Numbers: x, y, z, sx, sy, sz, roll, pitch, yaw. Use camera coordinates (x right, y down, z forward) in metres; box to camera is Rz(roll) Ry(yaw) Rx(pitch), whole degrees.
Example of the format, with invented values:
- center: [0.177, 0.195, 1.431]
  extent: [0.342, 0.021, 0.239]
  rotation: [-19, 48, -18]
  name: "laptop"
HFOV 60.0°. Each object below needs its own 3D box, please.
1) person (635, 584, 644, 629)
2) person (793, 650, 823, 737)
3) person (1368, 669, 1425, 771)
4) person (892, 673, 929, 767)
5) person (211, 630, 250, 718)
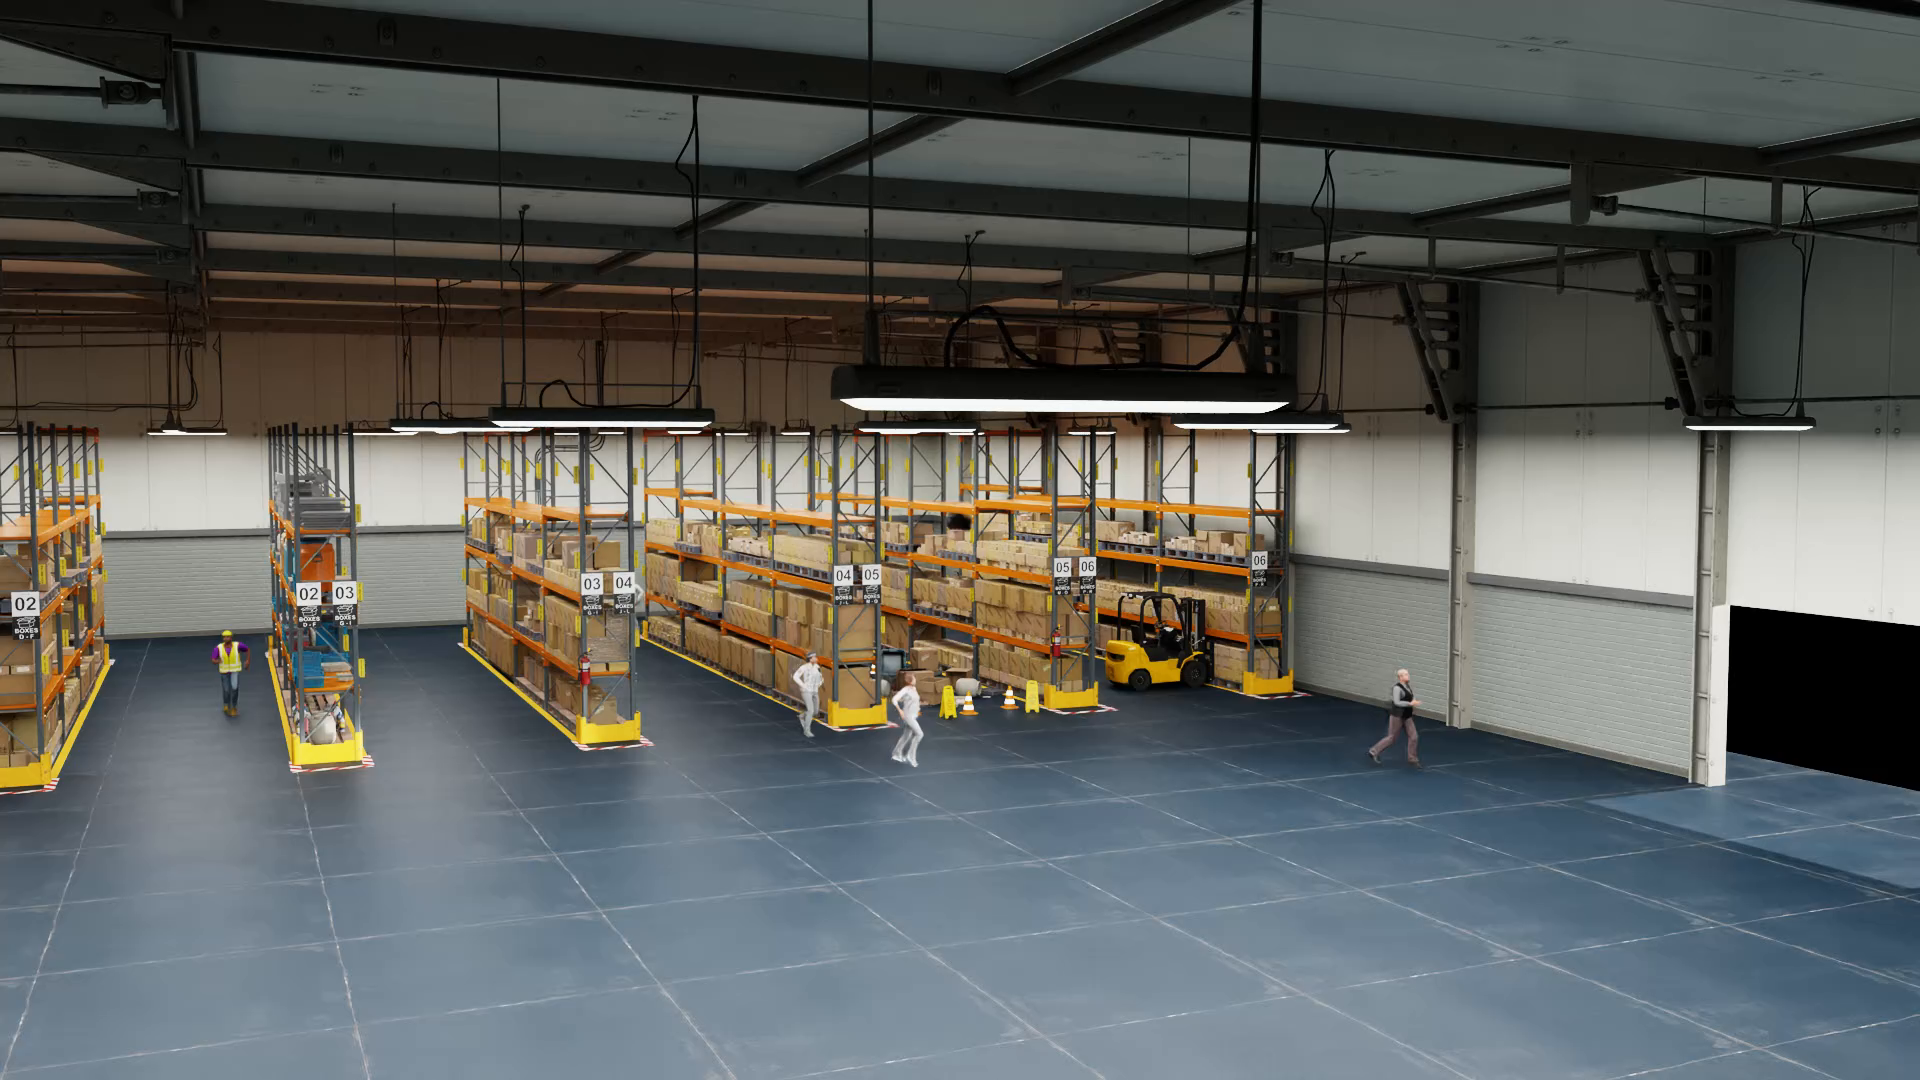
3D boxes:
- center: [-9.689, 1.902, 48.660]
  extent: [0.828, 1.770, 0.951]
  rotation: [3, 5, 44]
  name: "person"
- center: [-2.915, 2.958, 32.296]
  extent: [0.729, 1.648, 0.647]
  rotation: [3, 5, 45]
  name: "person"
- center: [7.585, 3.101, 28.798]
  extent: [0.945, 1.757, 0.665]
  rotation: [3, 4, 37]
  name: "person"
- center: [-0.876, 3.148, 29.107]
  extent: [0.694, 1.637, 0.503]
  rotation: [1, 4, 14]
  name: "person"
- center: [-15.044, 2.748, 34.306]
  extent: [0.710, 1.800, 0.894]
  rotation: [-1, 4, -16]
  name: "person"
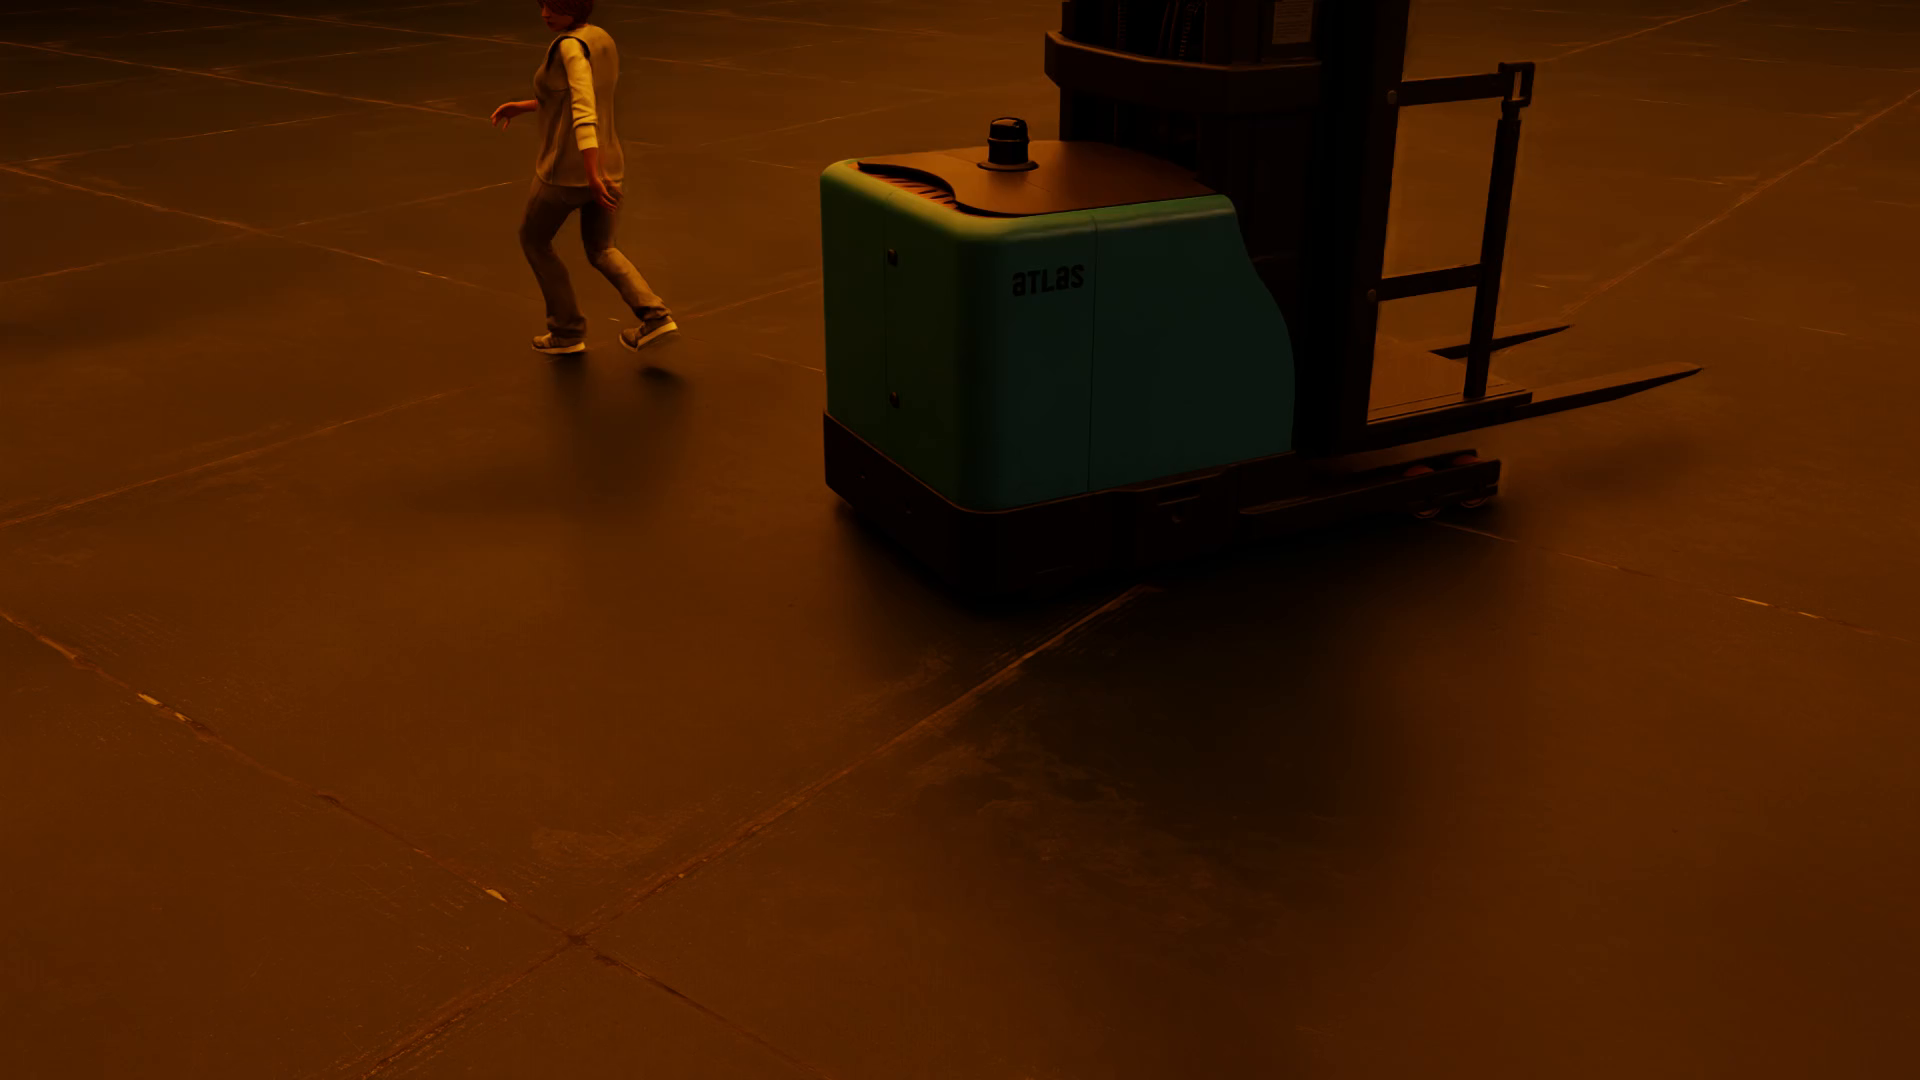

*ASSIGNMENT*
Using the data above, print exactly the lines from the line that contains "1) person (635, 584, 644, 629)" through the line that contains "5) person (211, 630, 250, 718)", with both included.

*OUTPUT*
1) person (635, 584, 644, 629)
2) person (793, 650, 823, 737)
3) person (1368, 669, 1425, 771)
4) person (892, 673, 929, 767)
5) person (211, 630, 250, 718)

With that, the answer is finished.